* [AIM OF THE TASK]:
Starting with the opening line of the entries below, transcribe each line exactly up to and including the one that has "Answer yes or no. No. Is Dark Gold greater"; pictures are not copied.

Extracted data entries:

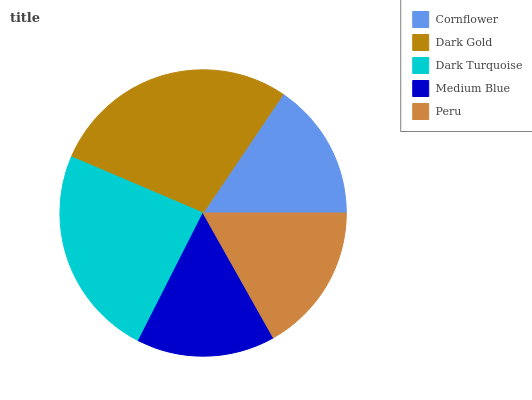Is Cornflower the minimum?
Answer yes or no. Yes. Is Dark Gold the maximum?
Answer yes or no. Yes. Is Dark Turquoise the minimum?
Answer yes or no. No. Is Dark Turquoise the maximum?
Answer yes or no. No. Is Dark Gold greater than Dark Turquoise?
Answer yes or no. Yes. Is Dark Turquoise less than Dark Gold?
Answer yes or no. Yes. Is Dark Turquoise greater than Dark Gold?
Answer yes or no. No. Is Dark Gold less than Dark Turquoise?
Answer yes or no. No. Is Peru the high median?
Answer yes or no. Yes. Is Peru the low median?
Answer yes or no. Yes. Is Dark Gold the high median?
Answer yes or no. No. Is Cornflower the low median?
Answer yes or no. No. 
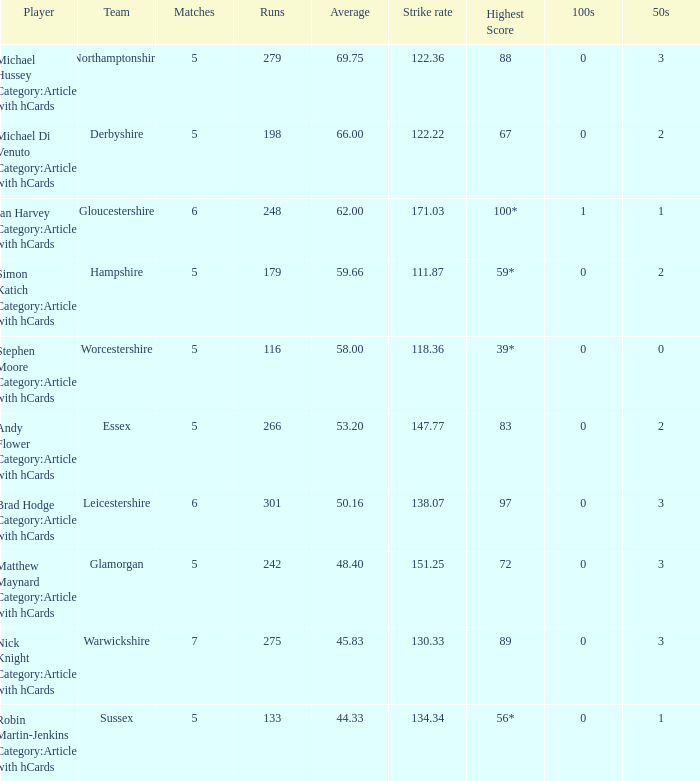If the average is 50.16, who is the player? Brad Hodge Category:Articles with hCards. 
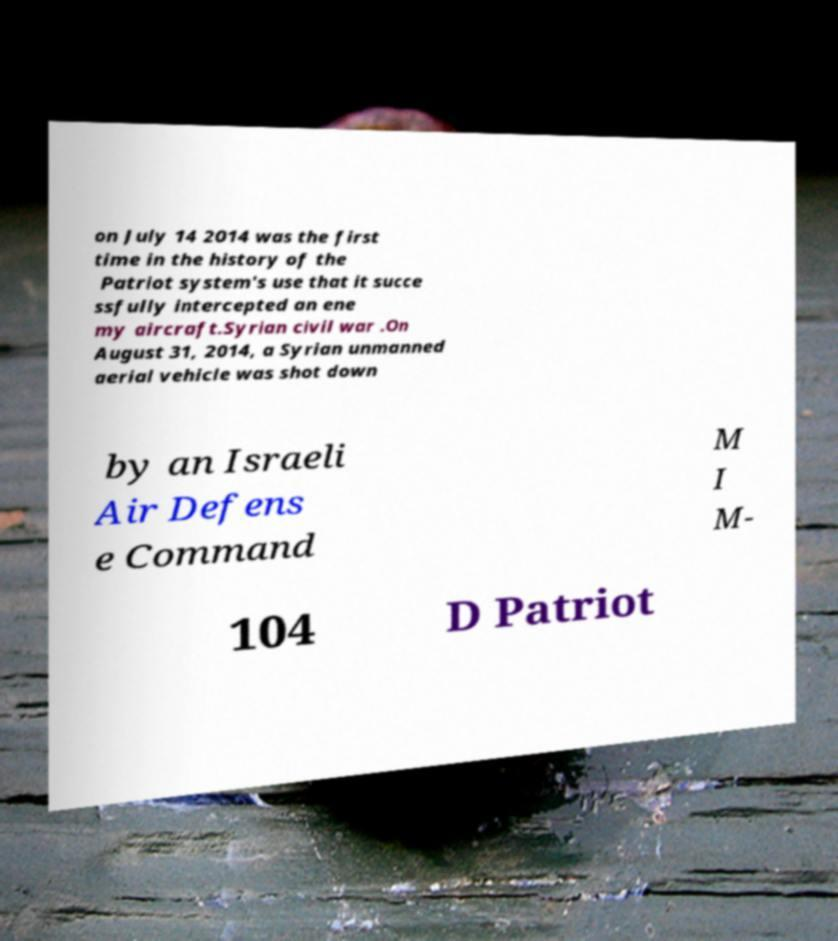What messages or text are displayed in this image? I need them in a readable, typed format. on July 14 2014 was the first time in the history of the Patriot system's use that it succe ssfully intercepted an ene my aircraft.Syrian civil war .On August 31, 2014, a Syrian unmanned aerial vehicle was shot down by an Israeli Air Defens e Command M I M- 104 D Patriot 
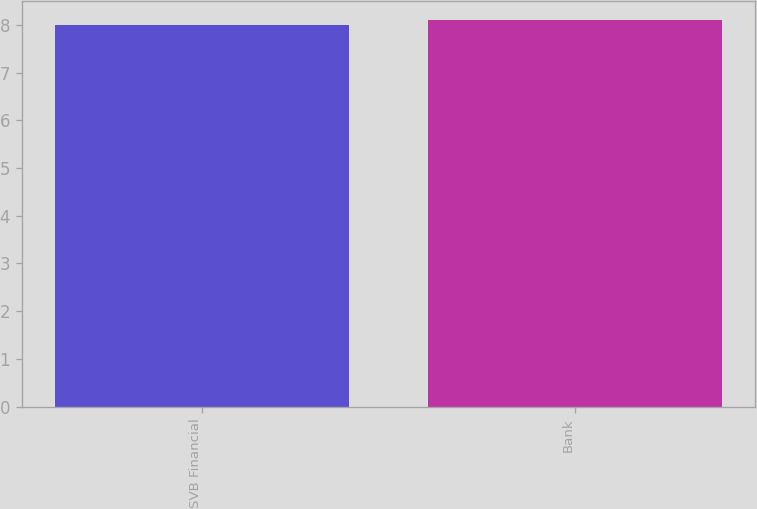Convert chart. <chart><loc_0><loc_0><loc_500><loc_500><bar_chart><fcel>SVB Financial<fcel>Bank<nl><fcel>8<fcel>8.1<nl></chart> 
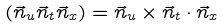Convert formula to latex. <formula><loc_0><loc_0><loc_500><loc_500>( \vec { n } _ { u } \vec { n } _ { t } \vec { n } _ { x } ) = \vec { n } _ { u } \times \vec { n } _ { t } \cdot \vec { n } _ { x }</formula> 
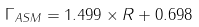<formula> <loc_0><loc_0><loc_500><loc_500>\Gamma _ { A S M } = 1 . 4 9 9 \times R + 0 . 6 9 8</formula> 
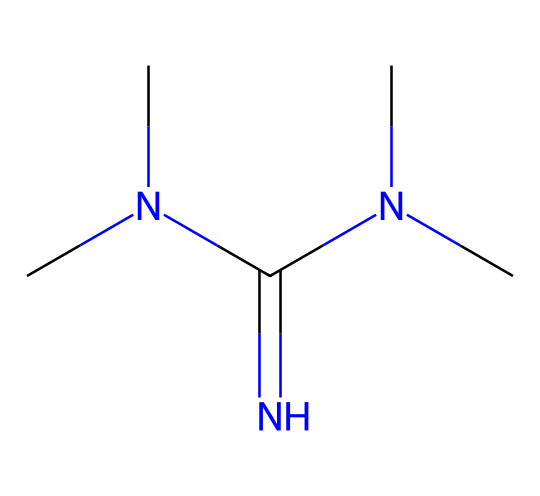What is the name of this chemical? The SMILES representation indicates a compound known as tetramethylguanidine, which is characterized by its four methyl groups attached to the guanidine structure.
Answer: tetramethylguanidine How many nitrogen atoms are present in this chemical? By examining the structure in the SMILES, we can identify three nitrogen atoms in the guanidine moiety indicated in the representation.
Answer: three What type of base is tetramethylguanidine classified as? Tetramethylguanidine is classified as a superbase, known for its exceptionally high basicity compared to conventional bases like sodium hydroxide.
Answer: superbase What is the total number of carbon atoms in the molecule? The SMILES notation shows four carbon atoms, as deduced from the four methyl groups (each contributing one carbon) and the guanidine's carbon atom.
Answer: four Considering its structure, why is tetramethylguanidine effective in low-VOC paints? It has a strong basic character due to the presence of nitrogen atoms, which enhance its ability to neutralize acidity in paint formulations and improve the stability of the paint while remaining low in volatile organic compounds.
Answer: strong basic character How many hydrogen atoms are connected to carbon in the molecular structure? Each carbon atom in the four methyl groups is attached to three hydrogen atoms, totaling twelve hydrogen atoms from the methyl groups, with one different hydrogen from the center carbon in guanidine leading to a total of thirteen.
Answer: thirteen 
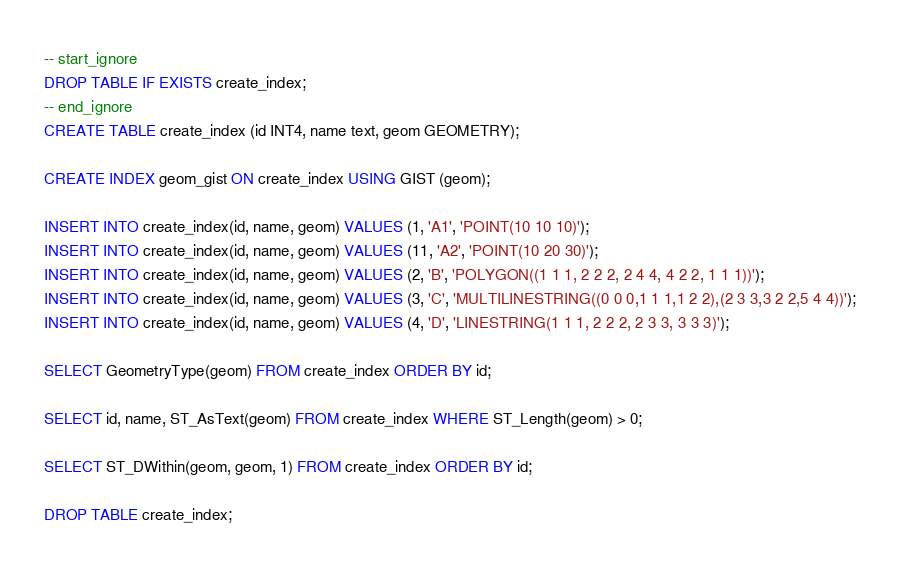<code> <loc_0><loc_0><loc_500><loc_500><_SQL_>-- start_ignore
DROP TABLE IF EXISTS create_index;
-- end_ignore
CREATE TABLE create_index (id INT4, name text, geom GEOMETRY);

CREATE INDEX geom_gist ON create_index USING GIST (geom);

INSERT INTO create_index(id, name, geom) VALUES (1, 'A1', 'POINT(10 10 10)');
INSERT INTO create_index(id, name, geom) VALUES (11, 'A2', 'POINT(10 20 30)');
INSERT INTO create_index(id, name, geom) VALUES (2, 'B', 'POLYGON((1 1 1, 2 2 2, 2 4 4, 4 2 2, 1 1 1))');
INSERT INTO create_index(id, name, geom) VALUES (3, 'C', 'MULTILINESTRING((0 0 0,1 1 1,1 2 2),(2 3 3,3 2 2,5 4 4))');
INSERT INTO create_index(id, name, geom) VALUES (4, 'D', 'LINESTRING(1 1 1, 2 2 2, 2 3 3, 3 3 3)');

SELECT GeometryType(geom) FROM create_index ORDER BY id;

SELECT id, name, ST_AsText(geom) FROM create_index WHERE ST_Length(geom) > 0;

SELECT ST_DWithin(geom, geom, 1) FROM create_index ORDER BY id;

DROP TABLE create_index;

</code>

* [RESPONSE TO THIS TASK]:
Is Cornflower the minimum?
Answer yes or no. Yes. Is Dark Gold the maximum?
Answer yes or no. Yes. Is Dark Turquoise the minimum?
Answer yes or no. No. Is Dark Turquoise the maximum?
Answer yes or no. No. Is Dark Gold greater than Dark Turquoise?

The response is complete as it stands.